Clearing my throat, I dragged both of my children into my lap, holding them as if they could ground me. I desperately fought back tears so I wouldn’t scare them more than they already were and asked in a shaky voice, “Could you please call Eason Maxwell for me?”

 


It was cool for June in Atlanta. Pulling my cardigan around my shoulders, I sank deeper into the corner of the wicker sectional I’d had custom cushions made from my favorite blue damask after Rob had surprised me with a raised deck and firepit overlooking the pool and transforming our backyard into my own private oasis.

“Winter and Summer. We have it all covered now,” he’d said, knowing how much I loved to spend my nights under the stars. Sometimes he’d join me, reading a book or playing on his phone, but for the most part, I’d sit outside alone, absorbing my day while planning the next.

Yet, that night, as I stared at the lights dancing in the pool, I couldn’t find the peace I so desperately longed for.

“You in the mood for company?” Eason asked, appearing at the end of the couch, a glass of red wine in one hand, a beer in his other.

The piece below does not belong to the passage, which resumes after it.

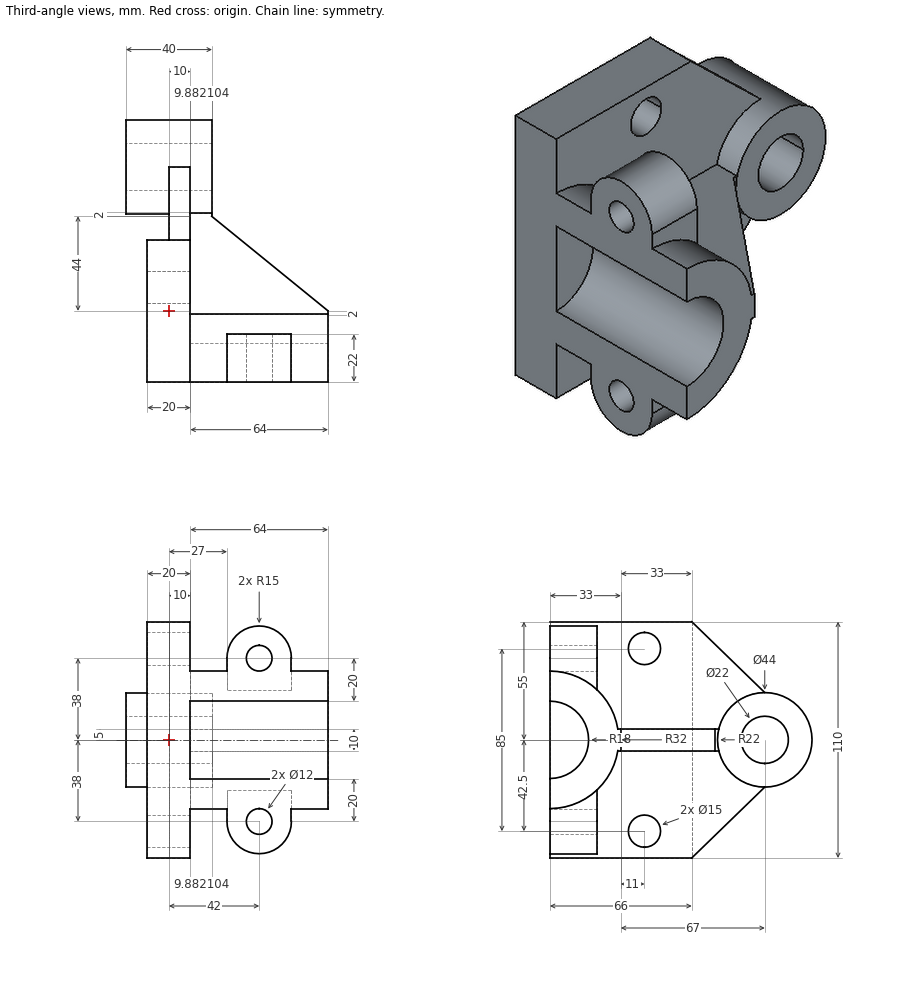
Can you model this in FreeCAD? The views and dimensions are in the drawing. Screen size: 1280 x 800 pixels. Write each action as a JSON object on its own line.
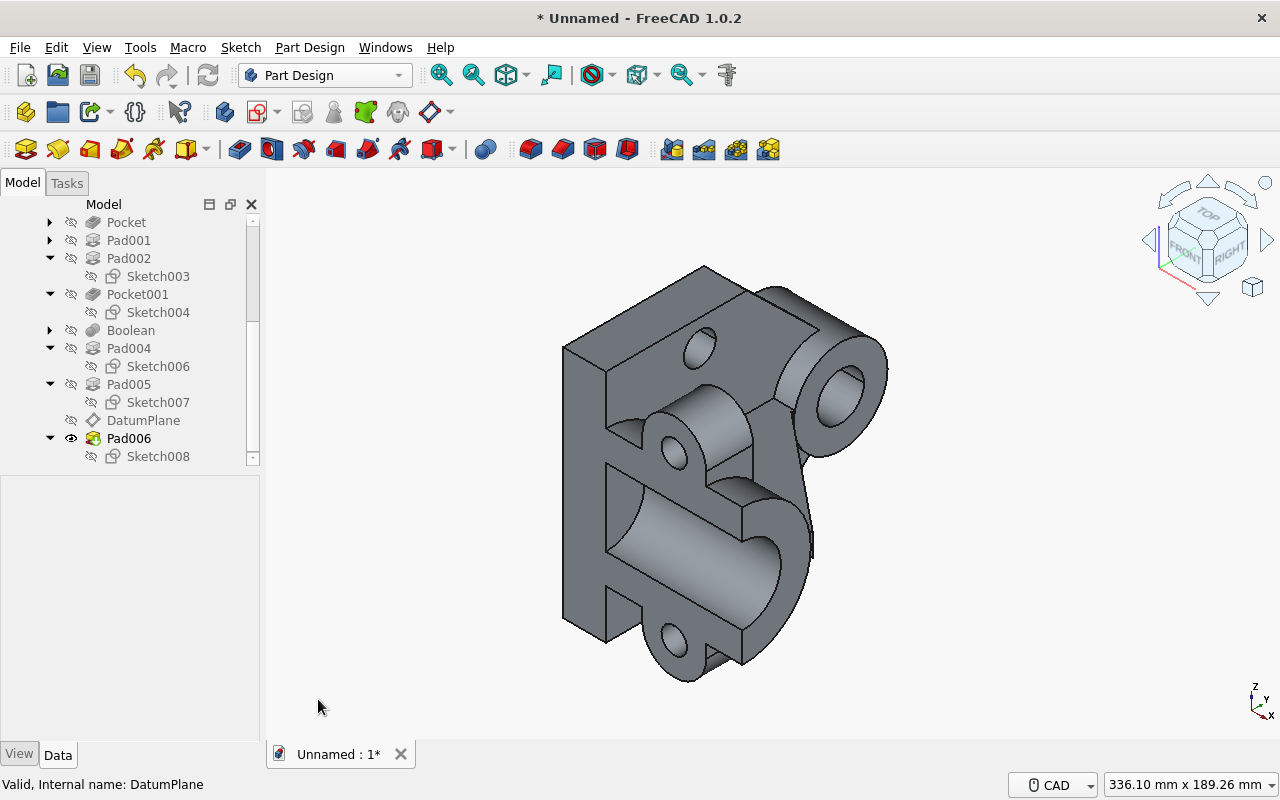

I couldn’t exactly say no. Not after he’d dropped everything and spent the day taking care of the kids while I’d stared into space like a robot with a dead battery.

“Sure,” I replied, taking the glass from his hand. “Thanks.”

He pulled two video monitors from his back pockets, passing one my way before settling on the far end of the couch. “Kids went down pretty easy. Ash had a lot of heaven questions about Rob tonight, so I thought he might need a distraction for a while. I told him he could use his flashlight to read a book until nine. He’s holding the book upside down, but I figure reading’s never a bad thing.” He took a sip of his beer while pulling the side chair in front of him, resting his bare feet in the seat. “Ahhh,” he moaned, stretching out between the two pieces of furniture, his lean muscles sagging with exhaustion.

A pang of guilt struck me hard. Of course he was tired. Eason had enough of his own problems without shouldering mine as well.